Willy meldete sich schon nach einer Viertelstunde: „Sie heißt Helga Schmied-Steinfeld, Krefeld, Luisenstraße 28. Eine hübsche Frau?“

„In den Augen eines Mitte Fünfzigjährigen allemal.“

„Dann müsstest du erst einmal deine Nachfolgerin kennenlernen.“

„Gibt dir keine Mühe, Willy. Ich bin und bleibe ein freier Mensch. Helga Schmied-Steinfeld, Krefeld, Luisenstraße 28“, wiederholte er laut.

„Genau. Kennst du Krefeld?“

„Nein.“

„Das Seidenmuseum liegt da ganz in der Nähe.“

„Danke, und grüße meine hübsche Nachfolgerin von mir.“ Frauen rückten ja mittlerweile in alle Positionen vor.
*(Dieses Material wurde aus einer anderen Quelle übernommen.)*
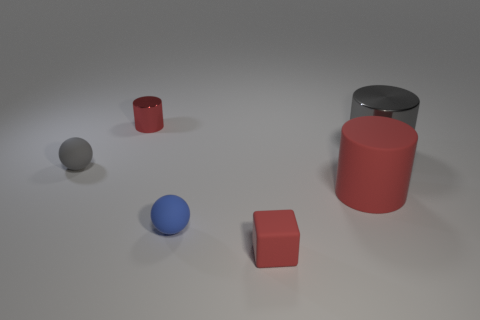Does the small red object behind the tiny rubber cube have the same material as the small blue thing?
Provide a short and direct response. No. Are there an equal number of big metallic cylinders in front of the tiny cube and big gray cylinders behind the tiny metal cylinder?
Provide a succinct answer. Yes. There is a red object in front of the big red cylinder; what is its size?
Give a very brief answer. Small. Are there any small red things made of the same material as the small blue thing?
Make the answer very short. Yes. There is a small object that is to the left of the small red shiny thing; does it have the same color as the block?
Your answer should be very brief. No. Is the number of rubber spheres to the right of the large red object the same as the number of tiny brown rubber cubes?
Your answer should be very brief. Yes. Are there any tiny metal things of the same color as the matte cube?
Your answer should be compact. Yes. Does the blue object have the same size as the red matte block?
Provide a succinct answer. Yes. There is a object that is to the left of the red cylinder behind the gray rubber thing; what size is it?
Provide a short and direct response. Small. What size is the cylinder that is both behind the small gray sphere and right of the red block?
Offer a very short reply. Large. 
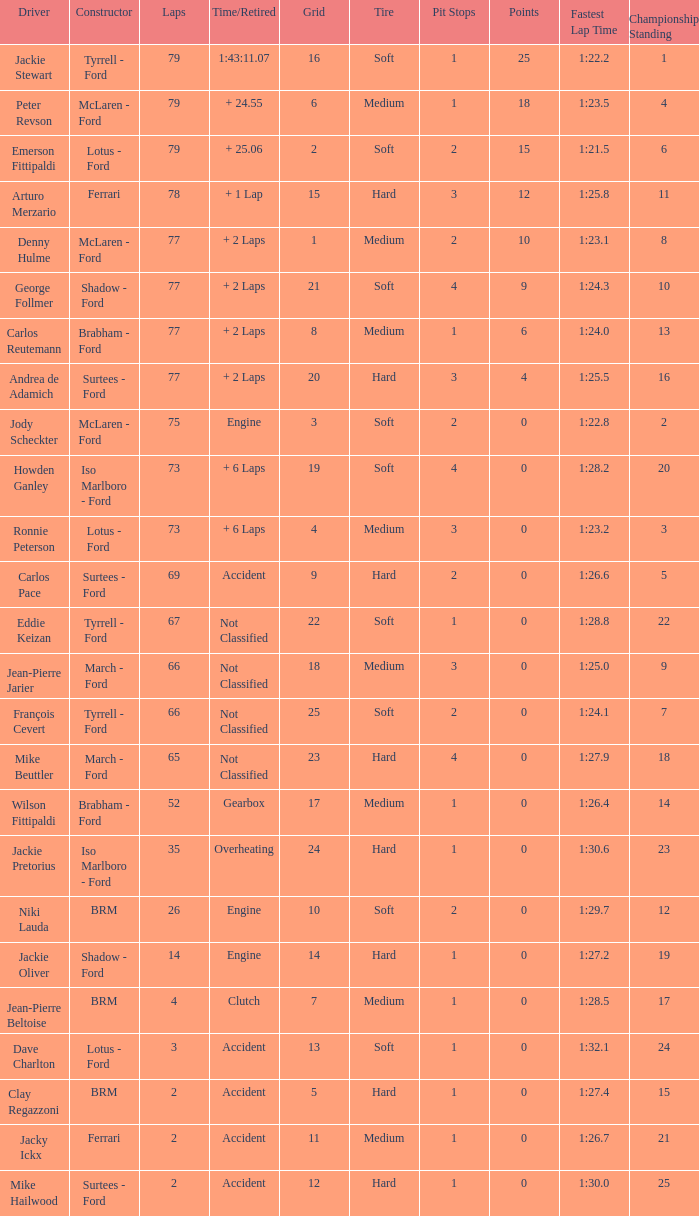What is the total grid with laps less than 2? None.

Wenn es Feuerwehrfrauen gab, warum dann nicht auch weibliche Brandsachverständige?

Das nachdrücklich und an mehreren „kritischen“ Stellen befragte Internet verriet ihm schließlich, dass er in der Hattinger Feldstraße nur bei einer Della Klavierunterricht bekommen konnte. Della Korbey stellte sich auch ein, und Joko gefiel ihre Stimme auf Anhieb.

„Guten Abend“, sagte er höflich, „mein Name ist Bernd Jokisch, aber seit meiner Schulzeit nennt man mich nur Joko. Ich war vor dem Abitur mit ihrer Nachbarin und Freundin Helga Schmied, spätere Schmied-Steinfeld befreundet. Vielleicht hat sie meinen Namen mal erwähnt?“

„Vielleicht. Und was wollen Sie von mir?“

„Von Ihnen würde ich nur gerne hören, warum Helga von Hattingen nach Krefeld verzogen ist, und warum Sie sich mit ihr in Xanten treffen.“

„Da können Sie lange warten.“ Und – rums – hatte sie aufgelegt. Na ja, nicht jeder Versuch glückte.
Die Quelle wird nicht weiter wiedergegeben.